Look below for the line containing "It would really" and the line containing "20. person <box>896,548,961,873</box>"; repeat exactly those two lines and all lines between them, and nothing else.

Stored data entries:
◇ ◇ ◇ ◇

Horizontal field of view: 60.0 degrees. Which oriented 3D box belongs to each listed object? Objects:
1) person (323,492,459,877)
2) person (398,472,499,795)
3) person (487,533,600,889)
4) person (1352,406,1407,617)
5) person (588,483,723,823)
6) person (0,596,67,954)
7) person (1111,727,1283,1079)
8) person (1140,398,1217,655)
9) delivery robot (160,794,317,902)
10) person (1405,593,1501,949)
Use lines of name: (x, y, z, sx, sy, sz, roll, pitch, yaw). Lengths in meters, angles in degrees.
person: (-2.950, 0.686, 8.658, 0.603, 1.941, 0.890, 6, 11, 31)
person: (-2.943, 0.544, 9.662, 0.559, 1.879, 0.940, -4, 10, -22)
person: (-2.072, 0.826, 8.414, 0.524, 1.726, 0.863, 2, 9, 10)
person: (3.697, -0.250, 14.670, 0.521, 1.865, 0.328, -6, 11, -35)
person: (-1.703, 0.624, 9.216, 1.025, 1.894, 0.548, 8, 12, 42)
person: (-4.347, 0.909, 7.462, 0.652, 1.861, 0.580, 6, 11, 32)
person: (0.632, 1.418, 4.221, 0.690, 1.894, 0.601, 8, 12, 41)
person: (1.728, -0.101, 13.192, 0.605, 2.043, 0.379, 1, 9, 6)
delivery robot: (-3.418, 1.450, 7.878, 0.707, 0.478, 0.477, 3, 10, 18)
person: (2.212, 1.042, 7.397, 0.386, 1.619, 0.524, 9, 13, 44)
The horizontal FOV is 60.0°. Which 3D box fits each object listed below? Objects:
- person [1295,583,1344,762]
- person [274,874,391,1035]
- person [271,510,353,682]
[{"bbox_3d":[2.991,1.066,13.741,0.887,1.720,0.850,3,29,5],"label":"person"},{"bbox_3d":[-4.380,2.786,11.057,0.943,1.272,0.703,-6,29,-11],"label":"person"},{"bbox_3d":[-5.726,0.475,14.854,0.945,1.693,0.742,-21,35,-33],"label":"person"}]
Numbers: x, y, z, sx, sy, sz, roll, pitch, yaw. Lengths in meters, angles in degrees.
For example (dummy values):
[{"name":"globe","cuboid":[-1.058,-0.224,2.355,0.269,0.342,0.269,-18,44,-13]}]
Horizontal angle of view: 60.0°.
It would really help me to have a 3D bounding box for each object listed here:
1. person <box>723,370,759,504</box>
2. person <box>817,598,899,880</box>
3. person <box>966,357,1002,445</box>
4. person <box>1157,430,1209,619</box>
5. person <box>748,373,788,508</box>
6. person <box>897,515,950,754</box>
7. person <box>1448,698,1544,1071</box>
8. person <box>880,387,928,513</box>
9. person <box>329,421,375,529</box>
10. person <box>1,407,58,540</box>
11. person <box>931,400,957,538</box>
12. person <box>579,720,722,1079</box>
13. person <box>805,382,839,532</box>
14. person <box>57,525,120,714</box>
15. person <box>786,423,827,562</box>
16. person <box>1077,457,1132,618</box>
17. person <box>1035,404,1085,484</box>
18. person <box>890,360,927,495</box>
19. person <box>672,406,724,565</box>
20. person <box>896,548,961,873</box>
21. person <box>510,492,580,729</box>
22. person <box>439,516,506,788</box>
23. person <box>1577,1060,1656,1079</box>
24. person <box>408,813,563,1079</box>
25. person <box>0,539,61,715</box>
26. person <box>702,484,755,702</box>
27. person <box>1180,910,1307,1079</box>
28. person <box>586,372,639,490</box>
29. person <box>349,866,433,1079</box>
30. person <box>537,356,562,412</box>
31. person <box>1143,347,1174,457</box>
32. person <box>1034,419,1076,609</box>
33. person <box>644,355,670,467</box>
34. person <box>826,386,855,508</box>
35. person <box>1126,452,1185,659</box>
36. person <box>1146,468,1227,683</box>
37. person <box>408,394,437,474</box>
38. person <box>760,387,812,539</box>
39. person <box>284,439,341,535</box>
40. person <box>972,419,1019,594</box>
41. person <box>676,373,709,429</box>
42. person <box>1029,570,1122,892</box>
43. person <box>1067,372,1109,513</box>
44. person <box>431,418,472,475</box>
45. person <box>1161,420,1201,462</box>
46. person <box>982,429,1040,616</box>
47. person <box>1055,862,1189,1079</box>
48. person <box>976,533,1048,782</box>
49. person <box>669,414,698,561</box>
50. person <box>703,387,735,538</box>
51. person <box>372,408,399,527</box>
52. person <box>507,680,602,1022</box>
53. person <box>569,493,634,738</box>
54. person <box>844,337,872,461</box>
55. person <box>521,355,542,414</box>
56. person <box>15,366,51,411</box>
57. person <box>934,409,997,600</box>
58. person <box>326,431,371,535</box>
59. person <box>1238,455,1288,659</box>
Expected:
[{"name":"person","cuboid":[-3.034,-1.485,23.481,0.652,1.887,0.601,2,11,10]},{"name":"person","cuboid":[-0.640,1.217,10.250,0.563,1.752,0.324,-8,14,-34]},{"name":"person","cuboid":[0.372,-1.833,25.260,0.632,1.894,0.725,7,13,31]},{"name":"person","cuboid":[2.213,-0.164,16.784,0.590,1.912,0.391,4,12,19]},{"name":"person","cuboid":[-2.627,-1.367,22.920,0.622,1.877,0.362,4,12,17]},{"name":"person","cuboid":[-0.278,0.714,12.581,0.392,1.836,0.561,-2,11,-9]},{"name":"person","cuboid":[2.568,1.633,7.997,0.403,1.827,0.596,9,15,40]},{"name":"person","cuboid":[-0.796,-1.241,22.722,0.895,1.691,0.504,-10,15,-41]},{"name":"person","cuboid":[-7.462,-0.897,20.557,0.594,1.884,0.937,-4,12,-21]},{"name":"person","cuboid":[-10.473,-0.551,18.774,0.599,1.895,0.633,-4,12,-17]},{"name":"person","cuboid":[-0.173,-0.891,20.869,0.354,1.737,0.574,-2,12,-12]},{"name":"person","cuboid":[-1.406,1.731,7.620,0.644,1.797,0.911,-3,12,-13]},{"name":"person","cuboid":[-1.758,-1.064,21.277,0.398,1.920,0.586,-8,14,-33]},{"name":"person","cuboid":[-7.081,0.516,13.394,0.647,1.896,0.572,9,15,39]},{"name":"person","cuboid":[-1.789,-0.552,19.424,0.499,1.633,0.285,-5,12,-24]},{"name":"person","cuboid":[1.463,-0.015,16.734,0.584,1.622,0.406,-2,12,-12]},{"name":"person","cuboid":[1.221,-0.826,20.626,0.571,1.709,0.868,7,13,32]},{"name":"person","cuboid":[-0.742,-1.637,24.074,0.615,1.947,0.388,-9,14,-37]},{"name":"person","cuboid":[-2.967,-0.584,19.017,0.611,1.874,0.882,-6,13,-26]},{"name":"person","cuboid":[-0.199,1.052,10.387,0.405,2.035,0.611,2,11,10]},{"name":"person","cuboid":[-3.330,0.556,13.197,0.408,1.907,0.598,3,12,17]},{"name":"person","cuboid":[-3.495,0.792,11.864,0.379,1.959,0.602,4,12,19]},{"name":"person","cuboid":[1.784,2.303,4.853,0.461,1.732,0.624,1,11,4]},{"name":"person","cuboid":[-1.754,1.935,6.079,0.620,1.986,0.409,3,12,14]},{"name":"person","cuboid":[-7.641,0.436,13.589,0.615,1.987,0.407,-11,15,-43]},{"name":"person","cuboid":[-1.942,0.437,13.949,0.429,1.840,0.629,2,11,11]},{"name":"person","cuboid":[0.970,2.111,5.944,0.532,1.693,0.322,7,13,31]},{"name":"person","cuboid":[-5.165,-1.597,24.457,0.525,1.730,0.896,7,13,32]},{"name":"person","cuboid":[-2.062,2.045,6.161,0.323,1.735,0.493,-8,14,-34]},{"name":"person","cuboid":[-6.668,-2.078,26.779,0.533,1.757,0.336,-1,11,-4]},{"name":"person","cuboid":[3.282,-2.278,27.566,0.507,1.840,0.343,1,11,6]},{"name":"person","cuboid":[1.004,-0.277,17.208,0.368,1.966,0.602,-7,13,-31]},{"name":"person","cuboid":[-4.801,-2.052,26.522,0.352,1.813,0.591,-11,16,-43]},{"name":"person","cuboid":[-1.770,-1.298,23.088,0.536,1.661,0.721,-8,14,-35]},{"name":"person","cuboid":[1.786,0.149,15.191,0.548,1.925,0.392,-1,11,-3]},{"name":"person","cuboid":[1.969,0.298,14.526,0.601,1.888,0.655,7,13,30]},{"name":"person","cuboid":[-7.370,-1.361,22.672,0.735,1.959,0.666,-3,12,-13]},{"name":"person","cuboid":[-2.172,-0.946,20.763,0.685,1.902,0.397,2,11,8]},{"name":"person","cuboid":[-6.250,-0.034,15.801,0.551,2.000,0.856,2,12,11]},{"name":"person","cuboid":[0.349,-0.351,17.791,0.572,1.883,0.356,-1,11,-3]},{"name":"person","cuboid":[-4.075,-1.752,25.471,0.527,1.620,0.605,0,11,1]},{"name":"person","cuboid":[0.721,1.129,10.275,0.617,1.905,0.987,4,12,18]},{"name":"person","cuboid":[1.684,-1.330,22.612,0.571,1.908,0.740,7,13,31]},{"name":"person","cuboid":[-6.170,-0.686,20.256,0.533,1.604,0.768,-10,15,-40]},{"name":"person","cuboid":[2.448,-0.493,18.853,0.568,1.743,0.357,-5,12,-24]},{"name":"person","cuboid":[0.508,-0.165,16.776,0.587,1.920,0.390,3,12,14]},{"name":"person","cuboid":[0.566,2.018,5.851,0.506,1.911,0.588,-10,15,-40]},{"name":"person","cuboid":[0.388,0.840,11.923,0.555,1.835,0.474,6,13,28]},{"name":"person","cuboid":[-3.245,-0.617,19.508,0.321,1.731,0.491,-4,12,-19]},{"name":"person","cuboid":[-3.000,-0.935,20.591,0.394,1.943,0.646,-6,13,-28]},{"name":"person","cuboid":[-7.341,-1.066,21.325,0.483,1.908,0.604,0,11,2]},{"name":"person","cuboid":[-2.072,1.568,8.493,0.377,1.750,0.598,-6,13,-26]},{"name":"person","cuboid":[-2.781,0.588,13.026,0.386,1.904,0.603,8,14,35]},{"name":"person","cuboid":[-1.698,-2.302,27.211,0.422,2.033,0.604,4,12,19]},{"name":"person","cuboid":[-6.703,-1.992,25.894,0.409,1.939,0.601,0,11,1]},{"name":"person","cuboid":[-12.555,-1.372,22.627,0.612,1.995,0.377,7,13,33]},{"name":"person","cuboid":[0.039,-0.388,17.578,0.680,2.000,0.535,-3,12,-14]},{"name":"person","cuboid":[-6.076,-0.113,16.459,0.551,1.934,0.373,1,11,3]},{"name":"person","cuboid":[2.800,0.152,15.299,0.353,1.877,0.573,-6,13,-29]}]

◇ ◇ ◇ ◇

• **Output for this task**
It would really help me to have a 3D bounding box for each object listed here:
1. person <box>723,370,759,504</box>
2. person <box>817,598,899,880</box>
3. person <box>966,357,1002,445</box>
4. person <box>1157,430,1209,619</box>
5. person <box>748,373,788,508</box>
6. person <box>897,515,950,754</box>
7. person <box>1448,698,1544,1071</box>
8. person <box>880,387,928,513</box>
9. person <box>329,421,375,529</box>
10. person <box>1,407,58,540</box>
11. person <box>931,400,957,538</box>
12. person <box>579,720,722,1079</box>
13. person <box>805,382,839,532</box>
14. person <box>57,525,120,714</box>
15. person <box>786,423,827,562</box>
16. person <box>1077,457,1132,618</box>
17. person <box>1035,404,1085,484</box>
18. person <box>890,360,927,495</box>
19. person <box>672,406,724,565</box>
20. person <box>896,548,961,873</box>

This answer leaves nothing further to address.